A total of 265 patients underwent primary operations, and 74 were secondary. All patients were approached posterior sagittally; 111 of them also required a laparotomy. The average length of the common channel was 4.7 cm for patients that required a laparotomy and 2.3 cm for those that did not. Vaginal reconstruction involved a vaginal pull-through in 196 patients, a vaginal flap in 38, vaginal switch in 30, and vaginal replacement in 75 (36 with rectum, 31 with ileum, and 8 with colon). One hundred twenty-two patients underwent a total urogenital mobilization. Complications included vaginal stricture or atresia in 17, urethral strictures in 6, and urethro-vaginal fistula in 19, all of which occurred before the introduction of the total urogenital mobilization. A total of 54% of all evaluated patients were continent of urine and 24% remain dry with intermittent catheterization through their native urethra and 22% through a Mitrofanoff-type of conduit. Seventy-eight percent of the patients with a common channel longer than 3 cm require intermittent catheterization compared with 28% when their common channel was shorter than 3 cm. Sixty percent of all cases have voluntary bowel movements (28% of them never soiled, and 72% soiled occasionally). Forty percent are fecally incontinent but remain clean when subjected to a bowel management program. Forty-eight patients born at other institutions with hydrocolpos were not treated correctly during the neonatal period. The surgeons failed to drain the dilated vaginas, which interfered with the drainage of the ureters and provoked urinary tract infections, pyocolpos, and/or vaginal perforation. In 24 patients, the colostomy was created too distally, and it interfered with the pull-through. Twenty-three patients suffered from colostomy prolapse. All of these patients required a colostomy, revision before the main repair. Thirty-six patients underwent reoperation because they had a persistent urogenital sinus after an operation done at another institution, and 38 patients underwent reoperation because they suffered from atresia or stenosis of the vagina or urethra. The series was divided into 2 distinct groups of patients: group A were those with a common channel shorter than 3 cm (62%) and group B had a common channel longer than 3 cm (38%).

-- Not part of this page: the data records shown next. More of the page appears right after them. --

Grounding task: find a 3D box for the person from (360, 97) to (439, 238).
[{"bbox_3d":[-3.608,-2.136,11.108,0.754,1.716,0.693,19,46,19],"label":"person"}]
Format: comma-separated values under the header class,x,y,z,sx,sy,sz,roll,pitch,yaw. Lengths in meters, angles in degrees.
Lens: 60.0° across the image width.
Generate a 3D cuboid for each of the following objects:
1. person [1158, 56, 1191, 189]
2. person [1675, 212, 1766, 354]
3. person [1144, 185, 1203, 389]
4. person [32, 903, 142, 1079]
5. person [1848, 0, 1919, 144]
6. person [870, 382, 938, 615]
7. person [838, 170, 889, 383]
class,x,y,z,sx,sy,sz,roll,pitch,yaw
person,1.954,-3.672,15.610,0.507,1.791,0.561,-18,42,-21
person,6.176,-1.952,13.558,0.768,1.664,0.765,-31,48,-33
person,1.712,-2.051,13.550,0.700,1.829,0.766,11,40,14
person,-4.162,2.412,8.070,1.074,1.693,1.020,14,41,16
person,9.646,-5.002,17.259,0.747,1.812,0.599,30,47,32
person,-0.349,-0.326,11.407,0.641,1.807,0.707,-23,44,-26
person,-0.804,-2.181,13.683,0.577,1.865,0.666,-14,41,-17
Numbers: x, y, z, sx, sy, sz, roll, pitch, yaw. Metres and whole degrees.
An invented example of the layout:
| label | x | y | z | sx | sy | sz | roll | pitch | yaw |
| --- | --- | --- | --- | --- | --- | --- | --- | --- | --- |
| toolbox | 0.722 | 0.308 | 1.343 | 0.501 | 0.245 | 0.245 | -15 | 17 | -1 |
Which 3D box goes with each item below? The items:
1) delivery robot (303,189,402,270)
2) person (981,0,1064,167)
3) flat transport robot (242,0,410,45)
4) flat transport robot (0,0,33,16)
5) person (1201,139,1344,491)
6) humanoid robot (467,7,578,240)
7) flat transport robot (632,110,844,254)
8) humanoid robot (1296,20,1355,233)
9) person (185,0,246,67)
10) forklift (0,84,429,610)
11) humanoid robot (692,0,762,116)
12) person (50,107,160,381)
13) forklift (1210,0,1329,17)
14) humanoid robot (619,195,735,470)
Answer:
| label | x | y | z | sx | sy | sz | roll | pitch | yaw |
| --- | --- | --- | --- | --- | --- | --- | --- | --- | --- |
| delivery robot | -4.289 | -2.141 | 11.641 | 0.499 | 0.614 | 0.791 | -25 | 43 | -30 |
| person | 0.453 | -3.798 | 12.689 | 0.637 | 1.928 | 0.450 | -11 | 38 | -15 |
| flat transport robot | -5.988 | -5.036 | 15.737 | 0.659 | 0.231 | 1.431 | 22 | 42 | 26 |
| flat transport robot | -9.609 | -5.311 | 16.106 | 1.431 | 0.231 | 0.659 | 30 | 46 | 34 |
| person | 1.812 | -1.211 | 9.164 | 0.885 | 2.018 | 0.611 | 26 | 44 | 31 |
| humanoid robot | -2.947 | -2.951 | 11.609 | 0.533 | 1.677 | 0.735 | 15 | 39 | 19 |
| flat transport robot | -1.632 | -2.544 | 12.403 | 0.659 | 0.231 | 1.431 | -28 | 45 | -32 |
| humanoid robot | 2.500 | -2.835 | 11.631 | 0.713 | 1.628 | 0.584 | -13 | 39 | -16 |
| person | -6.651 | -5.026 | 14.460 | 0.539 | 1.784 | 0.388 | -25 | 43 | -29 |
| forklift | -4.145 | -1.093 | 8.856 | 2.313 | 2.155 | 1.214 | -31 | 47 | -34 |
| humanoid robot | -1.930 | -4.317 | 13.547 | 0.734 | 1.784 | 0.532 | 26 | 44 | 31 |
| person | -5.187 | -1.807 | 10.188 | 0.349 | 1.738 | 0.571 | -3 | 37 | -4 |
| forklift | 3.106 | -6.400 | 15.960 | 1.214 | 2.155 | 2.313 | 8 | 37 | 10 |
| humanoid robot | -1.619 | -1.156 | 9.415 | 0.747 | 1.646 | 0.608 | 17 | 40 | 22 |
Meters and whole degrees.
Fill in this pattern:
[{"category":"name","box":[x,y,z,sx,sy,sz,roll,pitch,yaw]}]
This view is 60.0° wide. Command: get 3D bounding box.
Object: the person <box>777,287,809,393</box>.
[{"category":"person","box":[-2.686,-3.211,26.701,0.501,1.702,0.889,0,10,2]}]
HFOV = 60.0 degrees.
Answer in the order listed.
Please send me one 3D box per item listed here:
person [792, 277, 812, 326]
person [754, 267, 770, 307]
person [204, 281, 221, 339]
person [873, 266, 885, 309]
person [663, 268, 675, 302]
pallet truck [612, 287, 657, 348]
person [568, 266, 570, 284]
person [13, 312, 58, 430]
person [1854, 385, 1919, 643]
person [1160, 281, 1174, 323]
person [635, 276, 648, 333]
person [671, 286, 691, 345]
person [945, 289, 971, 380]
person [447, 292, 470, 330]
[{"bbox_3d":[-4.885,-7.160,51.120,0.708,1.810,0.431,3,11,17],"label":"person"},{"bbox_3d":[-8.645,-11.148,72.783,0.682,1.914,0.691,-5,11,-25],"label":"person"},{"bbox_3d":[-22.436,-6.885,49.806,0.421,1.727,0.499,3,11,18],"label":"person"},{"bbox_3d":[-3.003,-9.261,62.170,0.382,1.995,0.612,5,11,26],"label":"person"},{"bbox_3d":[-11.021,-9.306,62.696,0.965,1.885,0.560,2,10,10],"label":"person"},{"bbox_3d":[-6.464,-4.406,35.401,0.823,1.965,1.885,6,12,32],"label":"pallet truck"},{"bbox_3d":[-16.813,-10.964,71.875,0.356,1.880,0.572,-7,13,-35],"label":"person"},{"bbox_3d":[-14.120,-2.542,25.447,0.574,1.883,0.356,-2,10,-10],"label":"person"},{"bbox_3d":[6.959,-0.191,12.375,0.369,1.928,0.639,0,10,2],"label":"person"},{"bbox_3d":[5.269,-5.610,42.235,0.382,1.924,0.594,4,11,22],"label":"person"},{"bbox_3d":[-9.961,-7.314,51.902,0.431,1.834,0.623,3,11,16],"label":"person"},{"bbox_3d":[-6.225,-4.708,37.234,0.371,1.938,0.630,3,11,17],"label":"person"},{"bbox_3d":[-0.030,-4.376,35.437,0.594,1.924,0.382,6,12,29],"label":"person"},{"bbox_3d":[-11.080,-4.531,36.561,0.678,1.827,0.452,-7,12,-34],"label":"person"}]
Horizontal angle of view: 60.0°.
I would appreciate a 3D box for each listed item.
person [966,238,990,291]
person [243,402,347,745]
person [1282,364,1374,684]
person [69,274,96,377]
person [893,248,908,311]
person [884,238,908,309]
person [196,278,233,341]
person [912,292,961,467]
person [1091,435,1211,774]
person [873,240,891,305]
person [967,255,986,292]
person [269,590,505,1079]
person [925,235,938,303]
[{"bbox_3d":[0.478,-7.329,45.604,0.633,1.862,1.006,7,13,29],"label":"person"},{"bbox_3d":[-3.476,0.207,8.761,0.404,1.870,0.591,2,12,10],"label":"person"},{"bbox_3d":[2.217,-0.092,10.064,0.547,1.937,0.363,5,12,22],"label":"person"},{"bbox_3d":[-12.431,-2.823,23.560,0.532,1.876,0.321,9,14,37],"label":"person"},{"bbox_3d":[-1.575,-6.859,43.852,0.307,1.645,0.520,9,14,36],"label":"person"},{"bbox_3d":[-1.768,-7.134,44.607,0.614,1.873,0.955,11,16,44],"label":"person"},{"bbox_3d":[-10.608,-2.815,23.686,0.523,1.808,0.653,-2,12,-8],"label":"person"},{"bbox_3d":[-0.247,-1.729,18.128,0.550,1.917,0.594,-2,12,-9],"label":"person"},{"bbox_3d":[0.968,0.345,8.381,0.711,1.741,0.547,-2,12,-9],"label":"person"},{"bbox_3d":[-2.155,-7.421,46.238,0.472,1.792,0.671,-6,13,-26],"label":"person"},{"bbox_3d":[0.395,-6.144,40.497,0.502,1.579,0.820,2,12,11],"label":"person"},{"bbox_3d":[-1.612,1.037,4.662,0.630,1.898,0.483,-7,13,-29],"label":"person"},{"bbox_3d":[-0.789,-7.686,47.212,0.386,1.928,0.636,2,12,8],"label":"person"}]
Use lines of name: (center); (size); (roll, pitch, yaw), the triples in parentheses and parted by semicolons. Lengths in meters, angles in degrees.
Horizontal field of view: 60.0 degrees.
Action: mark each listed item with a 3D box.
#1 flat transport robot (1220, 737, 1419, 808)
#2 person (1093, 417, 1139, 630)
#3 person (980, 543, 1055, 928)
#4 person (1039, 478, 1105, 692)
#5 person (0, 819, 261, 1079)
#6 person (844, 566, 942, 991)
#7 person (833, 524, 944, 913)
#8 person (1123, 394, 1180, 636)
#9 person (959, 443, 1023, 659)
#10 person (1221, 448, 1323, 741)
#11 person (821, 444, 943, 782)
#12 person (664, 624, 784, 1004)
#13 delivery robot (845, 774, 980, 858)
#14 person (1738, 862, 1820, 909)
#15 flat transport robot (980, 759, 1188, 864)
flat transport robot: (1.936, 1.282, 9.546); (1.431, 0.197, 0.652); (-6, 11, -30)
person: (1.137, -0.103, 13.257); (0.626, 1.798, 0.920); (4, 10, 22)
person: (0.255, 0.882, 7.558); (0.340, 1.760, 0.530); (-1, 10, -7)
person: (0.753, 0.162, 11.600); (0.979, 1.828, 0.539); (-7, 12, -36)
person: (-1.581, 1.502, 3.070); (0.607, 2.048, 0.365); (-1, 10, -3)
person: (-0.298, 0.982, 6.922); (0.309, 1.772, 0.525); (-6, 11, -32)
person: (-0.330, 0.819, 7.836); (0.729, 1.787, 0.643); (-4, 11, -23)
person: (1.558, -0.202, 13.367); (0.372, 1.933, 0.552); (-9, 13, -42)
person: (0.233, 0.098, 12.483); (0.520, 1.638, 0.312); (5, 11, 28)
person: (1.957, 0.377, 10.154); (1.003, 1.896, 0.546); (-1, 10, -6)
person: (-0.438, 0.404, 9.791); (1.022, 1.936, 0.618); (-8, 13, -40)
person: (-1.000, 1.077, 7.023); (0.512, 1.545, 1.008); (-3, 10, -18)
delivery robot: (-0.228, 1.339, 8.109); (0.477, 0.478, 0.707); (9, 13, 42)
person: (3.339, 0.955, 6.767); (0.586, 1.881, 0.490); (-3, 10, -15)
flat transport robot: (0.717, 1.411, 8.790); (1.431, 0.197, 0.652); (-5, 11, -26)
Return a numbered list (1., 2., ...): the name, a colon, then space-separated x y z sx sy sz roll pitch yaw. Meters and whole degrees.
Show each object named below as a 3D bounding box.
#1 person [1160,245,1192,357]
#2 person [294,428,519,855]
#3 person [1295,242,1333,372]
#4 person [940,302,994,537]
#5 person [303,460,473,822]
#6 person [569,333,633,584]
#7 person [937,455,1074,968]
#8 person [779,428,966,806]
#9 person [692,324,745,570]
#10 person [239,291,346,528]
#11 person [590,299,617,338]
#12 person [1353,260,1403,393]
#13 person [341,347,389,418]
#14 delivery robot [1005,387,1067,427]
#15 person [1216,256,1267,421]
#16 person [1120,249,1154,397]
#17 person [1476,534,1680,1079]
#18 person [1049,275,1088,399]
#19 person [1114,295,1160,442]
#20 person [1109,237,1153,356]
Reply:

The separation of these groups has important therapeutic and prognostic implications. Group A patients can be repaired posterior sagittally with a reproducible, relatively short operation. Because they represent the majority of patients, we believe that most well-trained pediatric surgeons can repair these type of malformations, and the prognosis is good. Group B patients (those with a common channel longer than 3 cm), usually require a laparotomy and have a much higher incidence of associated urologic problems. The surgeons who repair these malformations require special training in urology, and the operations are prolonged, technically demanding, and the functional results are not as good as in group A. It is extremely important to establish an accurate neonatal diagnosis, drain the hydrocolpos when present, and create an adequate, totally diverting colostomy, leaving enough distal colon available for the pull-through and fixing the colon to avoid prolapse. A correct diagnosis will allow the surgeon to repair the entire defect and avoid a persistent urogenital sinus. Cloacas comprise a spectrum of defects requiring a complex array of surgical decisions. The length of the common channel is an important determinant of the potential for urinary control, and predicts the extent of surgical repair.